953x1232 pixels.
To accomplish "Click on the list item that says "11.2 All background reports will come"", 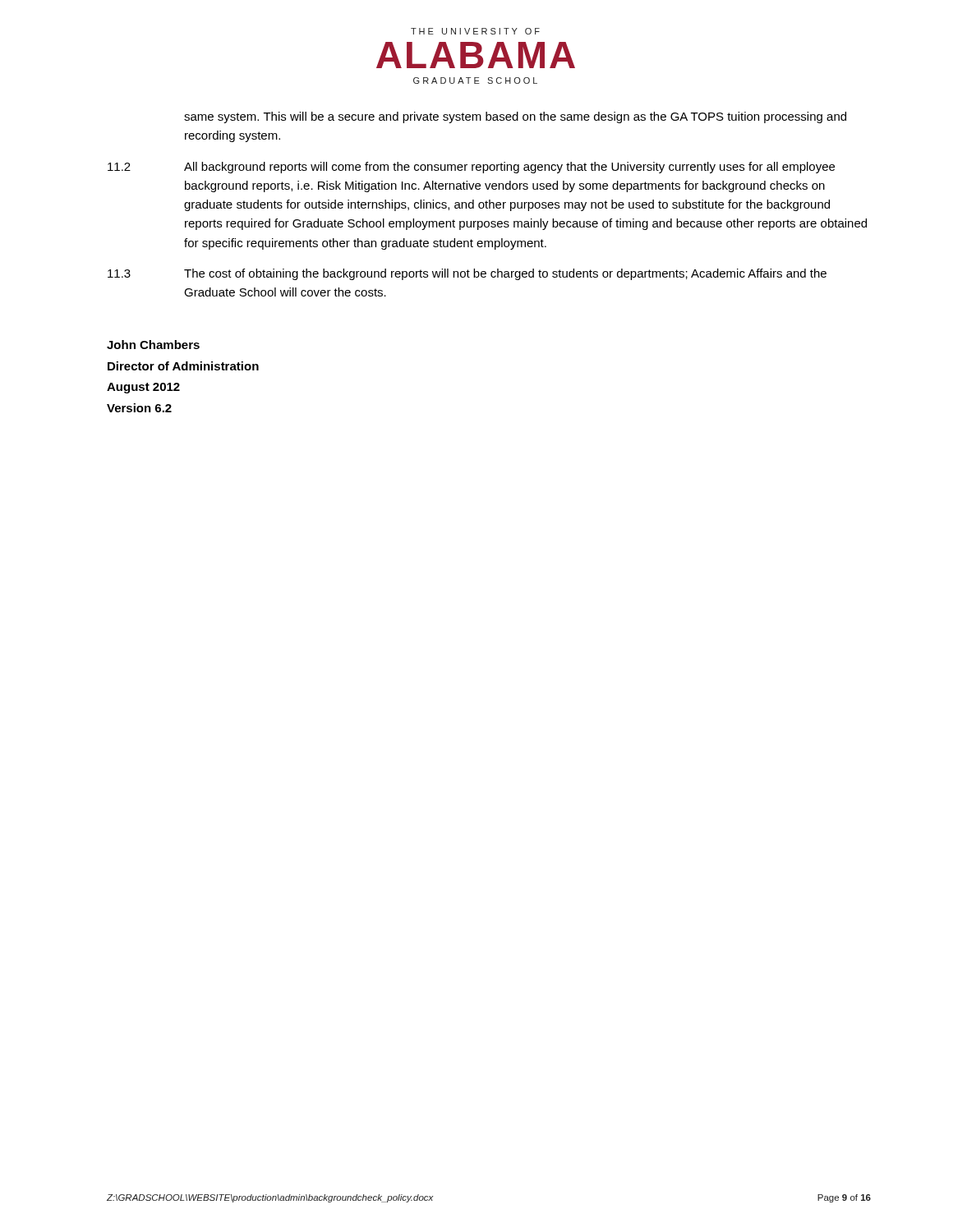I will tap(489, 204).
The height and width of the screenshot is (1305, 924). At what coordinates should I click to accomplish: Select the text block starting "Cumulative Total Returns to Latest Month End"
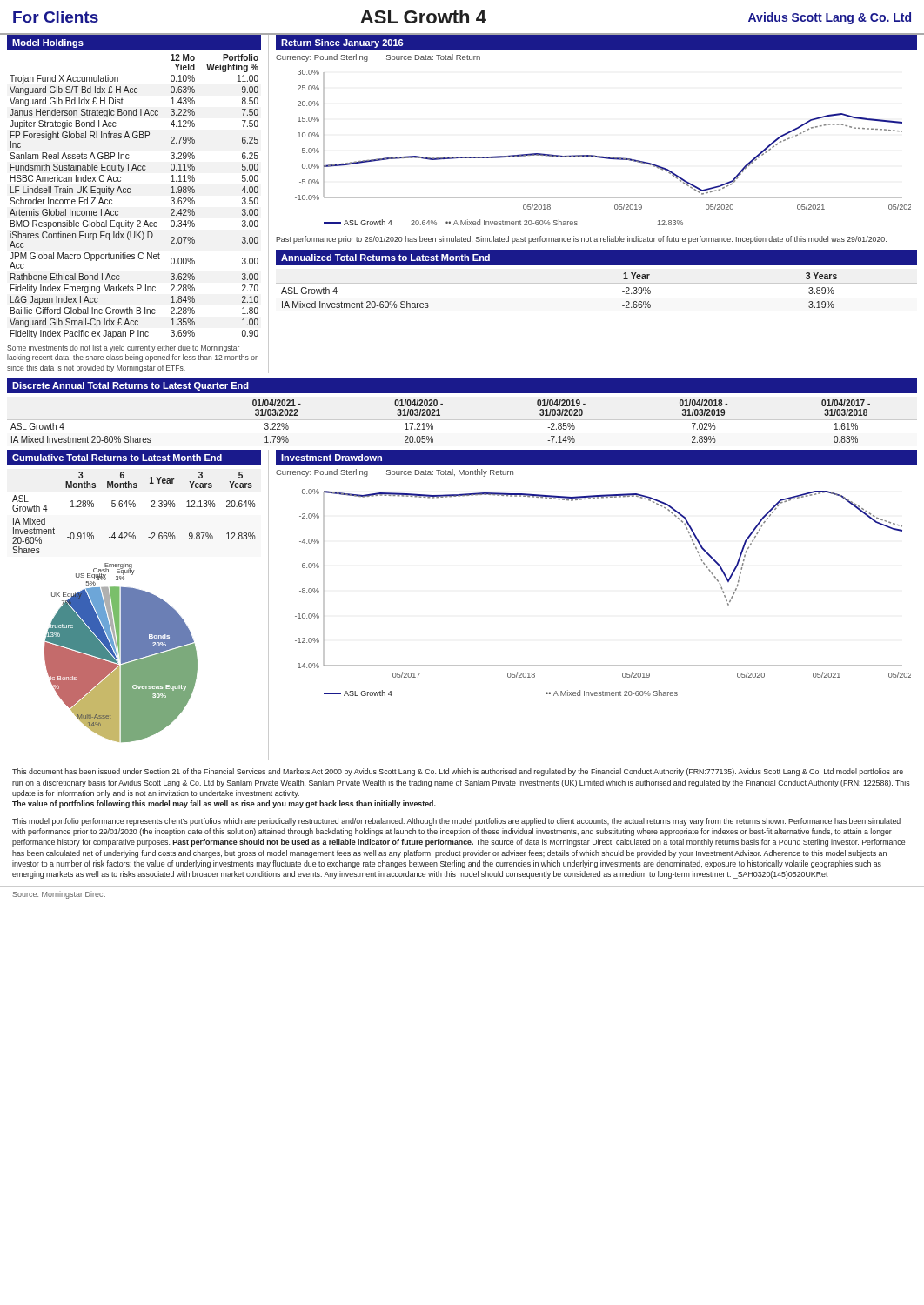point(117,458)
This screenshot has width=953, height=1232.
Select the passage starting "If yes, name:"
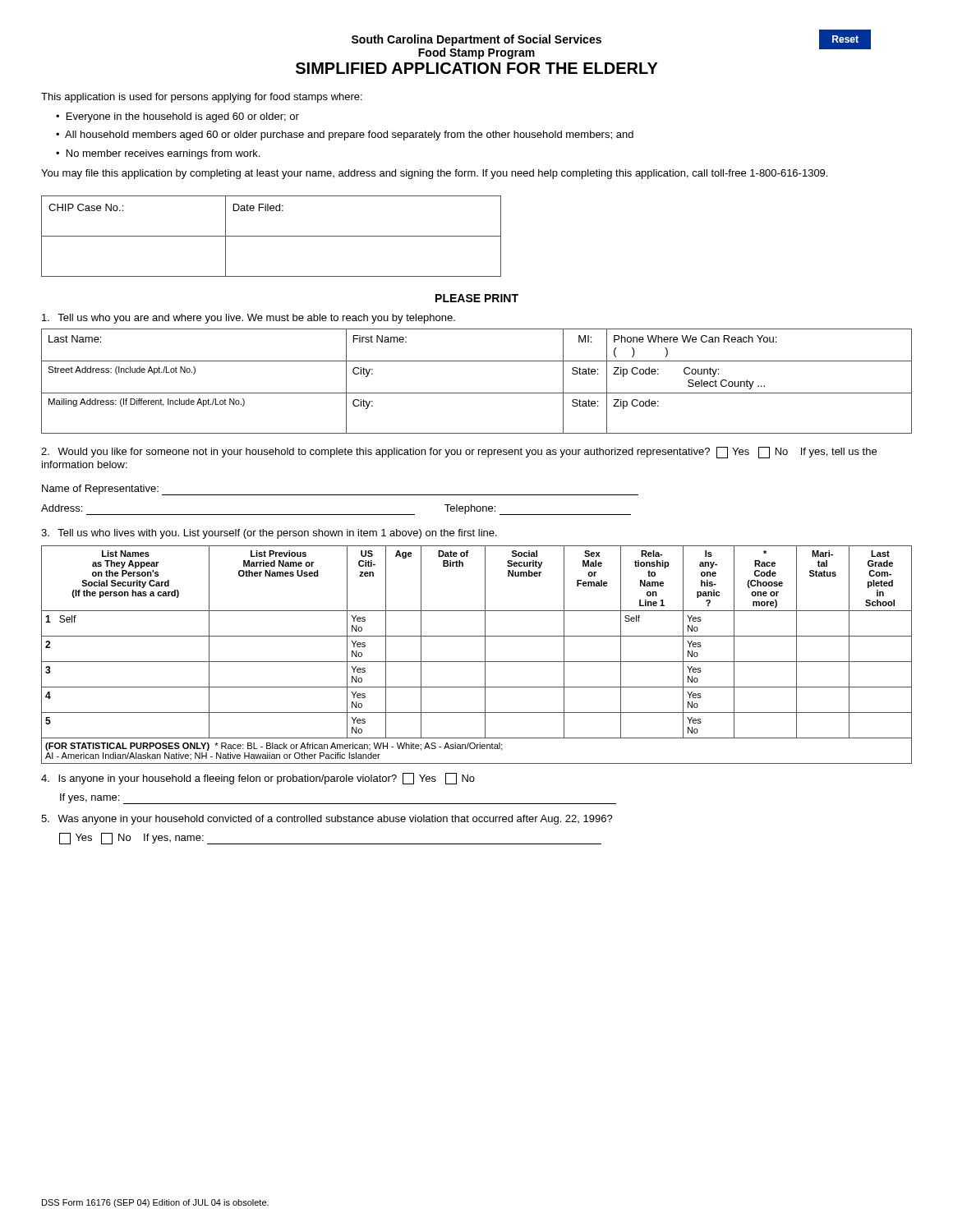pyautogui.click(x=338, y=798)
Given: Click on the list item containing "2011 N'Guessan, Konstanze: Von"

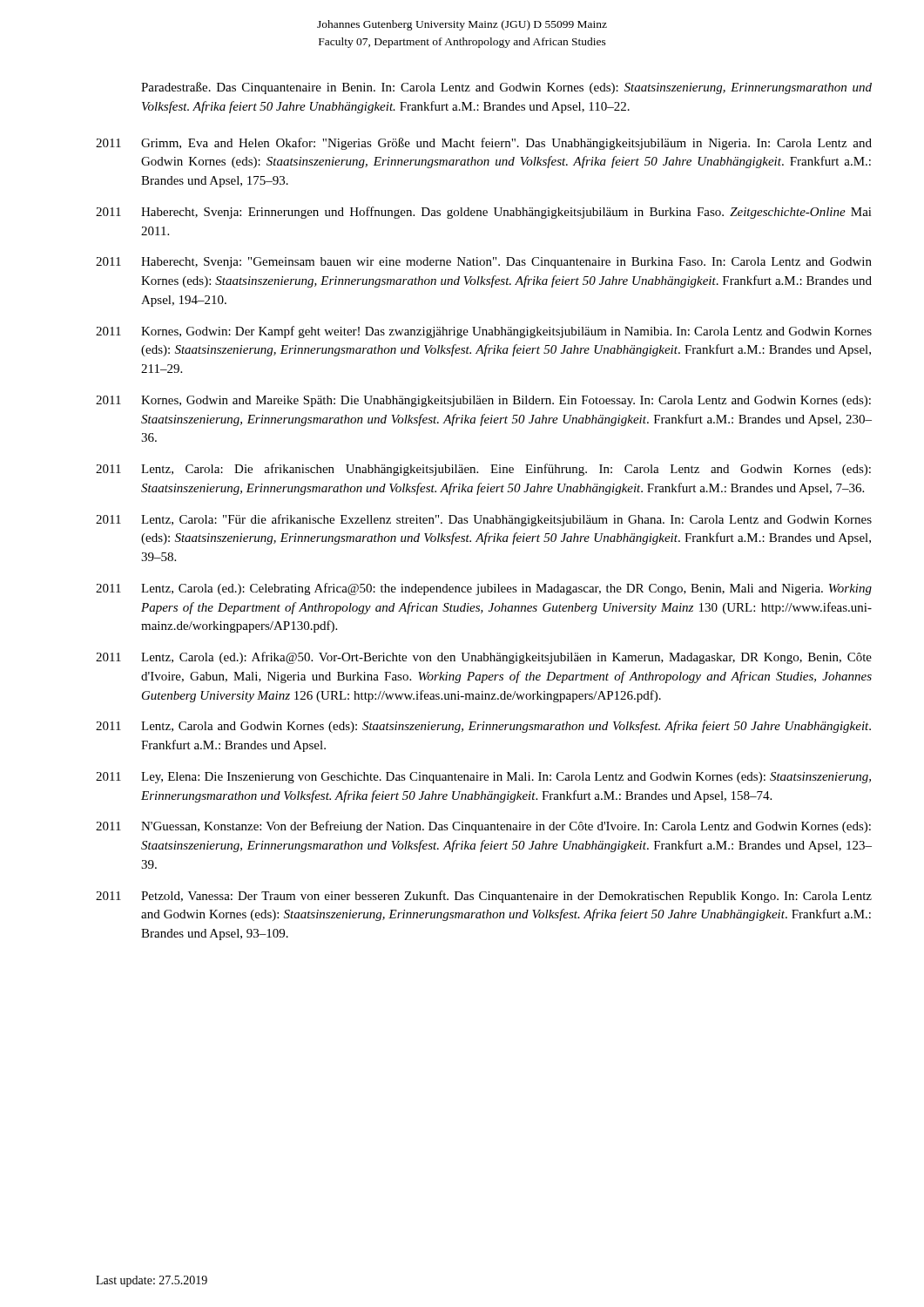Looking at the screenshot, I should click(484, 846).
_ _ _ _
■ **Your task**: With pictures omitted, restate word for word every line above from the one containing "The height and" to the end of the entries.

■ **The answer**:
The height and width of the screenshot is (1305, 924). At what coordinates should I click to accomplish: Select the text block starting "Cumulative Total Returns to Latest Month End"
point(117,458)
This screenshot has width=953, height=1232.
Select the passage starting "If yes, name:"
pyautogui.click(x=338, y=798)
Given: Click on the list item containing "2011 N'Guessan, Konstanze: Von"

Looking at the screenshot, I should click(484, 846).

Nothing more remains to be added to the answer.